Review: Bleak Sword’s brisk pace is its greatest asset

There’s a tendency to look down on mobile games, to dismiss them out of hand because they exist on smart phones instead of a desktop computer or a dedicated game console. No matter how good or clever or inventive the game is, the choice of being on a phone is enough to deny it the same sort of consideration that anything on more “traditional” gaming platforms receive.

Much as I enjoy a good mobile game, I’m just as guilty of not giving them as much thought. Not out of malice, mind, I just don’t use my phone to play games very often. It’s not something I actively think about often. (The frequency of some games being iOS exclusive doesn’t help, though.) I usually end up playing them elsewhere if possible or wait for a port instead (or even a web version in some cases; I played so much Threes that way).
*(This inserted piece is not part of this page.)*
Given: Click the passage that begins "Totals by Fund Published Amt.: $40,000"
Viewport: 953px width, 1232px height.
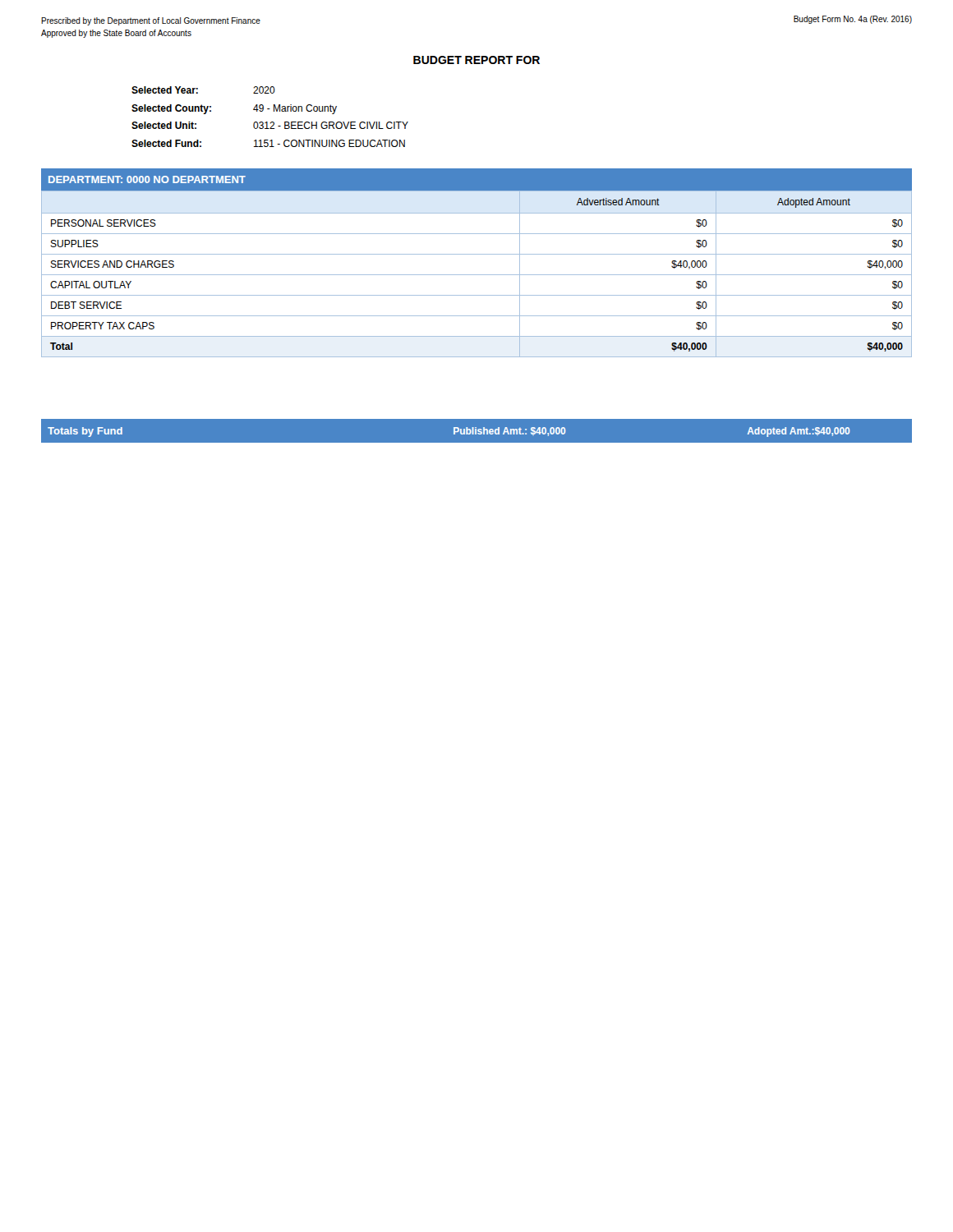Looking at the screenshot, I should tap(476, 431).

Bleak Sword DX is one such example. Originally released in 2019 as part of Apple Arcade’s launch lineup, Bleak Sword is an action game set on diorama-like levels against a dark fantasy backdrop that’s now made its way to consoles and PC. Its mobile origins make a lot of its qualities click. The rapid pace of its levels, the small scale of each stage, the simplicity of its verbs: it intrinsically lends itself to the short-time play that portable platforms excel at. But even removed from that space, Bleak Sword‘s brisk pace is key to its success.

Bleak Sword makes it clear what you’re in for from the get-go. You begin each stage equipped with a sword and shield. Your objective is to defeat all enemies. They arrive from multiple angles, usually one at a time, though sometimes in pairs or even trios. Most foes fall with a couple good swings of your sword, but are crafty enough to work in concert if you allow them.

Bleak Sword DX screnshot

Bats slowly flutter toward you, posing little threat alone, but become a nuisance if let alone long enough. Spiders constantly scurry away if you approach, waiting for a chance to suddenly lunge at you before retreating again. Tentacles from some unseen creature suddenly arise from water to swipe at you, while shield-bearing foes will gladly block whatever you throw at them so they can strike back. Any one of them alone isn’t terribly threatening, but as soon as one appears on the periphery of the diorama while you’re still clearing out the last wave, their mere presence is enough to complicate things.

Every stage is a quick affair, each lasting no more than a minute or two at most, but they’re also quick to challenge. Because each stage is a diorama, the physical space you have to work with is small and only shrinks when you add trees, swamps, buildings, bridges, traps, and more into the equation. In a one-on-one fight, that’s not a problem. But Bleak Sword seldom engages in duels. Enemies instead come in pairs or trios, either all at once or on a slight delay, each approaching from different angles.

Early on, I had trouble because I played too cautiously. I tried to take everyone on one at a time, trying to position myself such that I didn’t have to deal with multiple targets. But doing that often backfired by letting them group up as they chased me around. I had to be more aggressive: get in their face and strike relentlessly, parry whenever possible – whatever it took. And it worked! Mostly.

Bleak Sword DX screenshot

Bleak Sword won’t let you be reckless. Stamina dictates how many times you can swing your sword before exhaustion sets in. And while you can increase your health, attack, and defense with each new level you gain and with items you can sometimes obtain, stamina is not affected. What you see is what you get. Add to the fact that your health isn’t fully restored between stages outside of leveling up (best you can hope for is to be lucky and find a potion you can use mid-level) and the risk/reward of aggressive play becomes clear.

Not overextending is easy on paper, but every time you get that moment where one or two more hits are all you need to finish off a boss, the impulse to throw all caution to the wind is tough to ignore. But because the downtime is so small, it’s easy to hop back in and get to where you fell, which mitigates some of the potential frustration.

That speed is key. Bleak Sword is a good action game on its own, but the pace is what makes it a standout. This kind of stamina-based hack-and-slash action usually ends up being more drawn out and deliberate because of how popular Souls-style combat design is. The intent is to make each fight a struggle, where mistakes are costly but the victories feel hard fought and earned. What Bleak Sword does is reduce it to the bare essentials and craft a fast and lethal feeling game around it that cuts to the core appeal but in a form that’s easy to play in short bursts. That particular aspect is perhaps reduced when removed from the confines of a smartphone, but, for me at least, it’s still a welcome break.

I’ve played a number of long, involved games this year. From Wo Long, to Octopath Traveler 2, to Tears of the Kingdom, it’s been a year of a lot of long games so far. I’ve enjoyed them, but jumping from one to another is tiring. Makes you appreciate the smaller, more focused games. Games that do one thing well instead of trying to be sprawling and complex, that don’t demand dozens upon dozens of hours of your time. Something like Bleak Sword.